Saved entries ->
==============================
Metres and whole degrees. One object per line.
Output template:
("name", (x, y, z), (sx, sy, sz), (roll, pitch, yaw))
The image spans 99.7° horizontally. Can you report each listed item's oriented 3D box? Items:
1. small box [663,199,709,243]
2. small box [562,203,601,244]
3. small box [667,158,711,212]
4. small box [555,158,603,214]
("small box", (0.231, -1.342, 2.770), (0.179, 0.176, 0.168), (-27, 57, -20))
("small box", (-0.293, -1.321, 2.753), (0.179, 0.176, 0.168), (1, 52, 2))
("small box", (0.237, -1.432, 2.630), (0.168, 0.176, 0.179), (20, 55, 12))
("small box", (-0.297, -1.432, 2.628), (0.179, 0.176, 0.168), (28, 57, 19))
==============================
Work request -> Retype all of the lines shown above, keeping each one exact.

Answer to the exercise ->
Metres and whole degrees. One object per line.
Output template:
("name", (x, y, z), (sx, sy, sz), (roll, pitch, yaw))
The image spans 99.7° horizontally. Can you report each listed item's oriented 3D box? Items:
1. small box [663,199,709,243]
2. small box [562,203,601,244]
3. small box [667,158,711,212]
4. small box [555,158,603,214]
("small box", (0.231, -1.342, 2.770), (0.179, 0.176, 0.168), (-27, 57, -20))
("small box", (-0.293, -1.321, 2.753), (0.179, 0.176, 0.168), (1, 52, 2))
("small box", (0.237, -1.432, 2.630), (0.168, 0.176, 0.179), (20, 55, 12))
("small box", (-0.297, -1.432, 2.628), (0.179, 0.176, 0.168), (28, 57, 19))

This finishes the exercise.